The ocean surrounding Antarctica is extremely cold, but water over 300m deep, Circumpolar Deep Water (CDW), is about 3⁰C above the melting point of ice. Normally, the very cold water above keeps this away from ice shelves. But in some areas, CDW is spilling onto the shallow Antarctic continental shelf, causing the ice to thin.

Ice shelf thinning has accelerated in recent decades, but the picture is not the same everywhere. While the east of the Antarctic has shown modest gains in ice thickness, the west has outstripped this with significant ice loss – up to 18% in vulnerable areas like the Amundsen and Bellingshausen Seas.

The pattern of ice loss and other observations indicate that warmer water upwelling beneath these ice shelves is driving it.

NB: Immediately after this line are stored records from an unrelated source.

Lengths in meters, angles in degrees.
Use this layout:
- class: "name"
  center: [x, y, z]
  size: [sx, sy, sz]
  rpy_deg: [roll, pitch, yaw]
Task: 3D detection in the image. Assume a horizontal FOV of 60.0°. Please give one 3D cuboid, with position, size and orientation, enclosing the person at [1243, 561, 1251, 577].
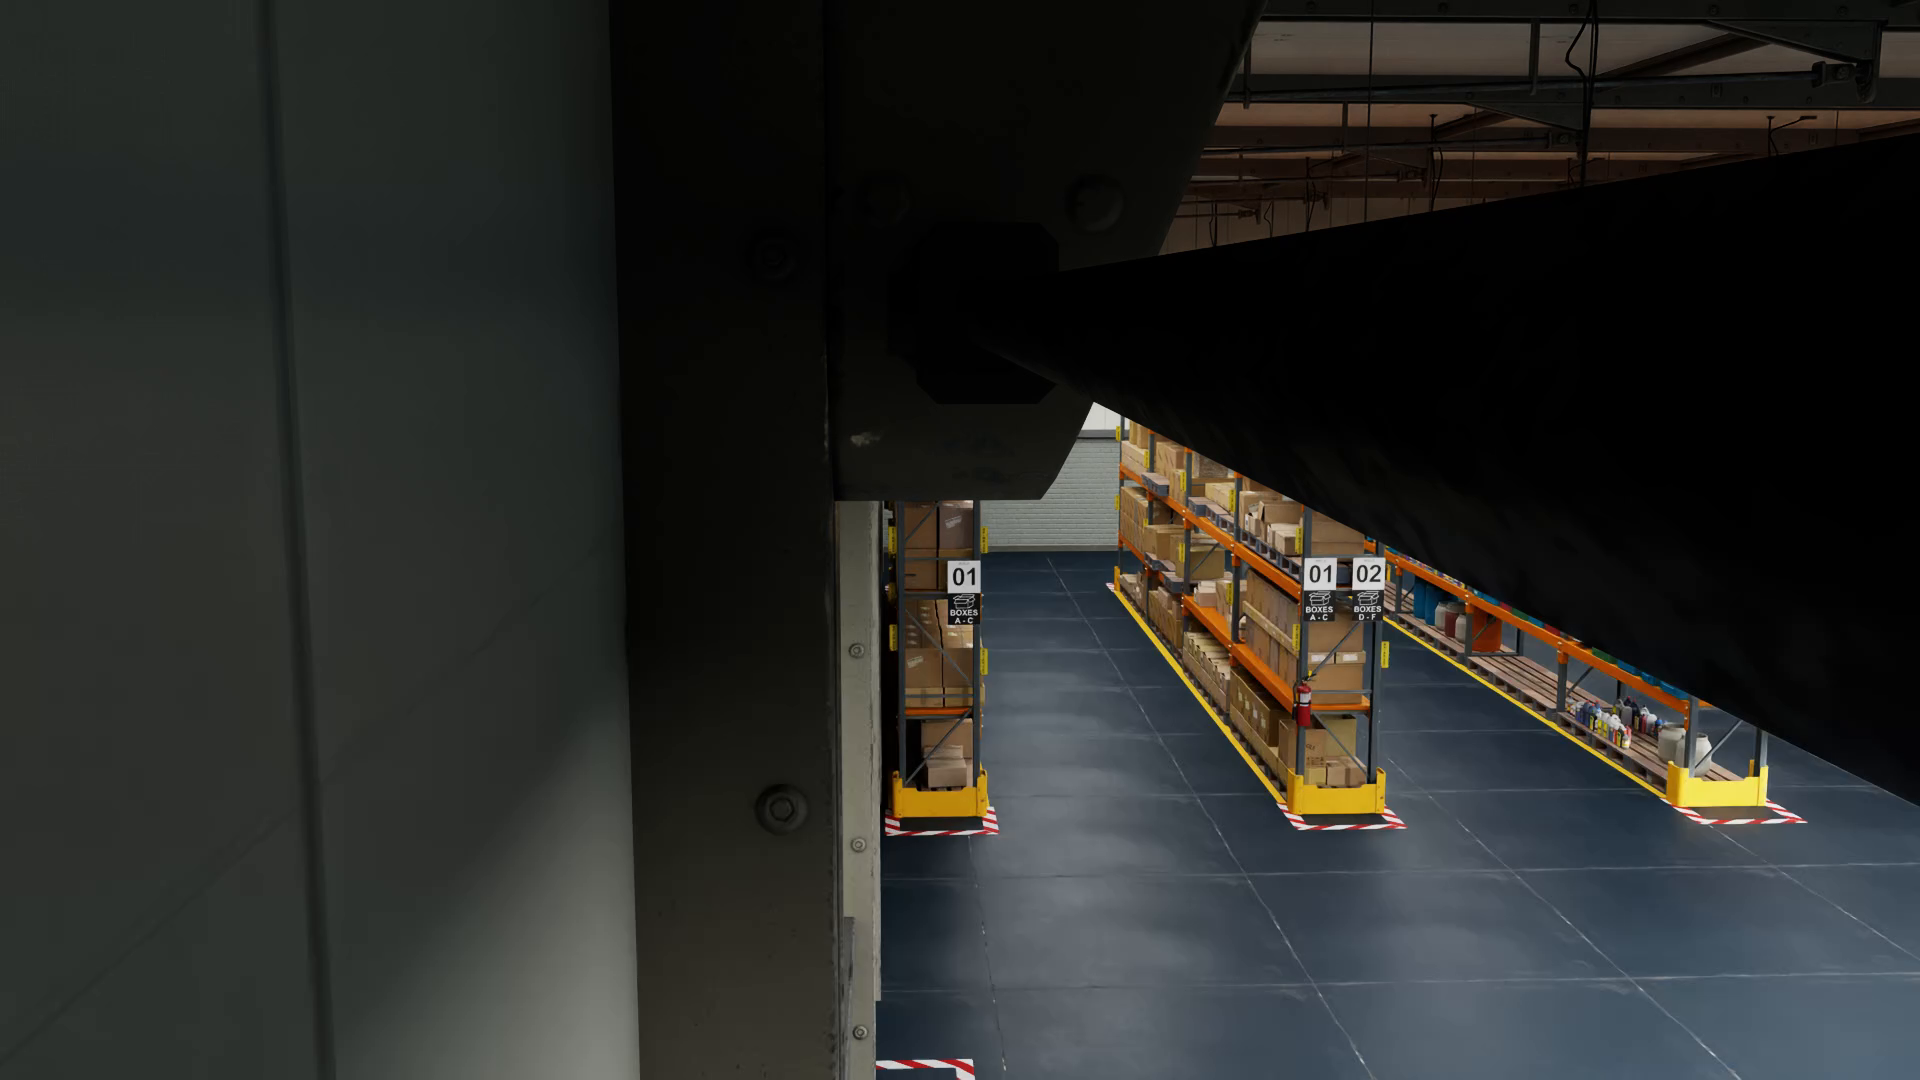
- class: "person"
  center: [6.545, 0.104, 37.281]
  size: [1.102, 1.689, 0.530]
  rpy_deg: [0, 8, 3]

But what has caused this upwelling? Is it related to human activity? And how concerned should we be?

Two teams led by scientists from the British Antarctic Survey, both of which I have been working with, set out to tackle these precise questions by focusing on two vulnerable areas. One site is in Pine Island Bay, in the Amundsen Sea, and the other is in Marguerite Bay, in the Bellingshausen Sea.

The aims of the studies are similar – to monitor the extent of upwelling warm water onto the continental shelf over the past 10,000 years, in order to understand when this last occurred and what the impact was. [more]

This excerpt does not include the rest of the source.